Know your farmworker, know your food: Zulema Lopez, 12, left, with her her mother and sister. Agriculture tends to cling to certain practices long after the rest of society has discarded them as morally repugnant.
You might think slavery ended after the Civil War, yet it exists to this day in Florida's tomato fields, as Barry Estabrook demonstrates in his brilliant book Tomatoland. Likewise, the practice of subjecting children to hard, hazardous, and low-paid labor seems like a discarded relic of Dickens' London or Gilded Age New York. But here in the United States, hundreds of thousands of kids are doing one of our most dangerous jobs: farm work. They toil under conditions so rough that Human Rights Watch (HRW) has seen fit two issue two damning reports (here and here) on the topic over the past decade.
In the second report, from May 2010, the group concluded: "Shockingly, we found that conditions for child farmworkers in the United States remain virtually as they were a decade ago." Which is to say, appalling. The kids who pick our crops are routinely exposed to toxic pesticides, their fatality rate is four times that of other working youth, and they are four times more likely to drop out than the average American kid—overall, HRW reports, just a third of farmworker kids finish high school.

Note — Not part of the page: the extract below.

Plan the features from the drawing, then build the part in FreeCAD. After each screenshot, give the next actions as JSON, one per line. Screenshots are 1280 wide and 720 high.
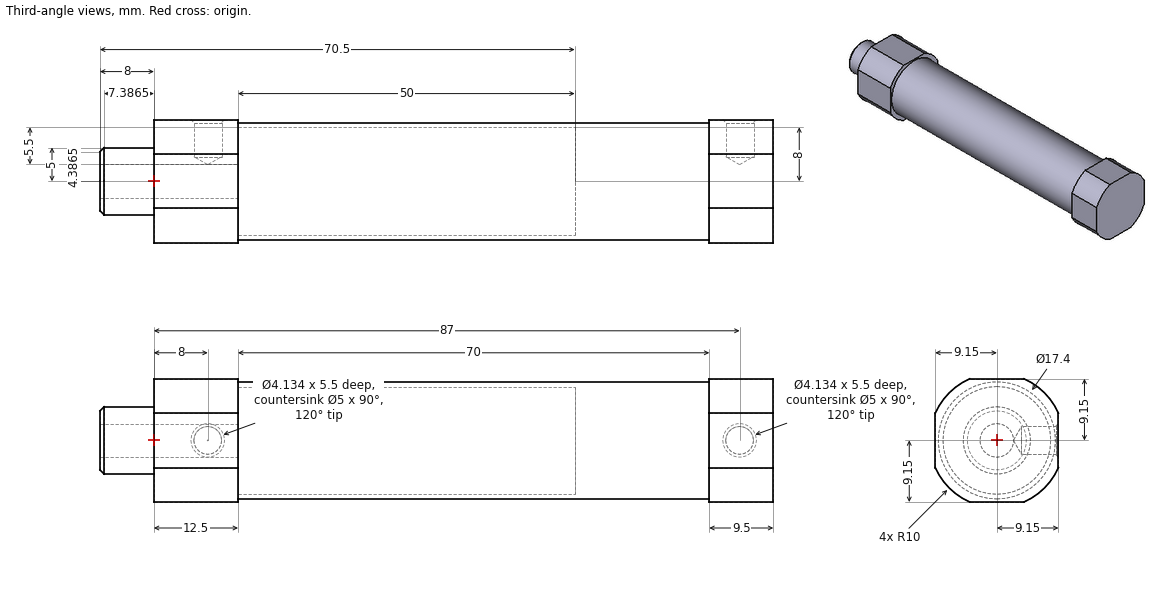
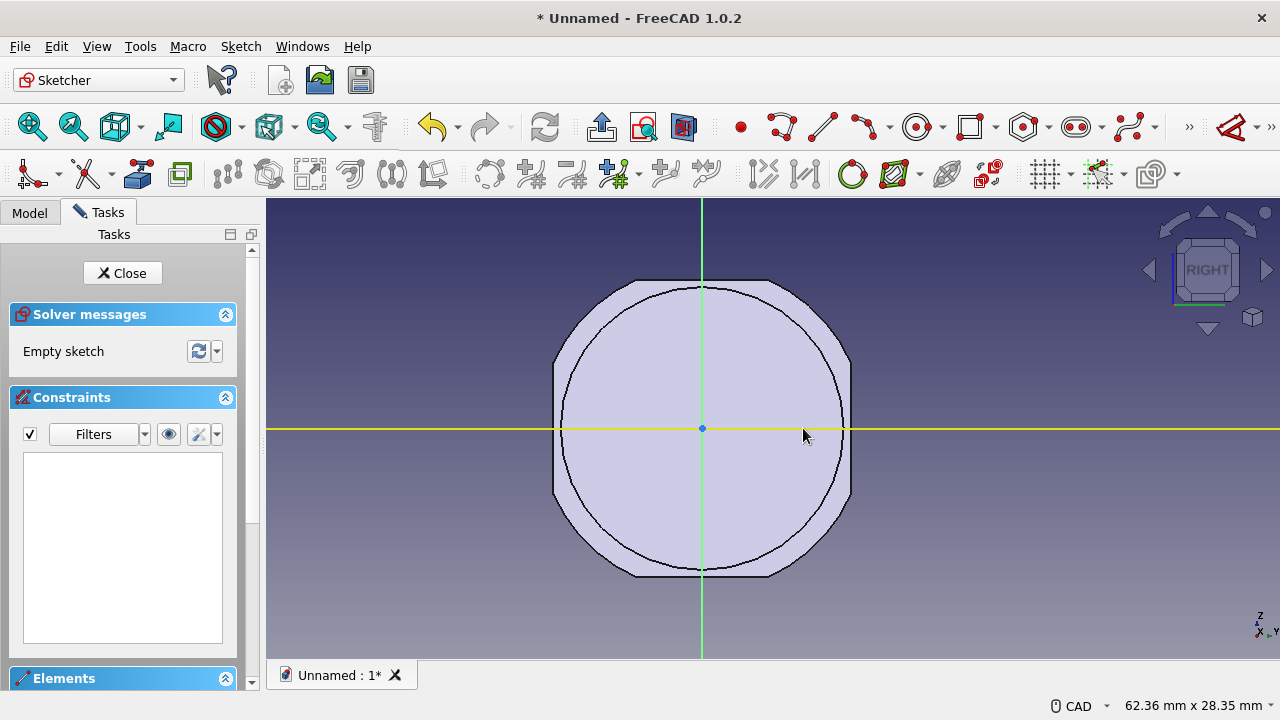
{"action": "left_click", "coordinate": [823, 128]}

Oddly, there's nothing illegal about their plight—most federal laws governing child labor don't apply to farms, according to HRW; the US government spends $26 million fighting abusive child labor in other countries, but has failed to bring the fight to America's fields.
The Harvest/La Cosecha, a new documentary directed by the veteran photographer and human rights advocate U. Roberto Romano, shines a bright light on this murky corner of the agribusiness universe. The film traces the lives of three teenagers and their families as they move across the US following the harvest, from Texas onion fields to Michigan apple groves and places in between.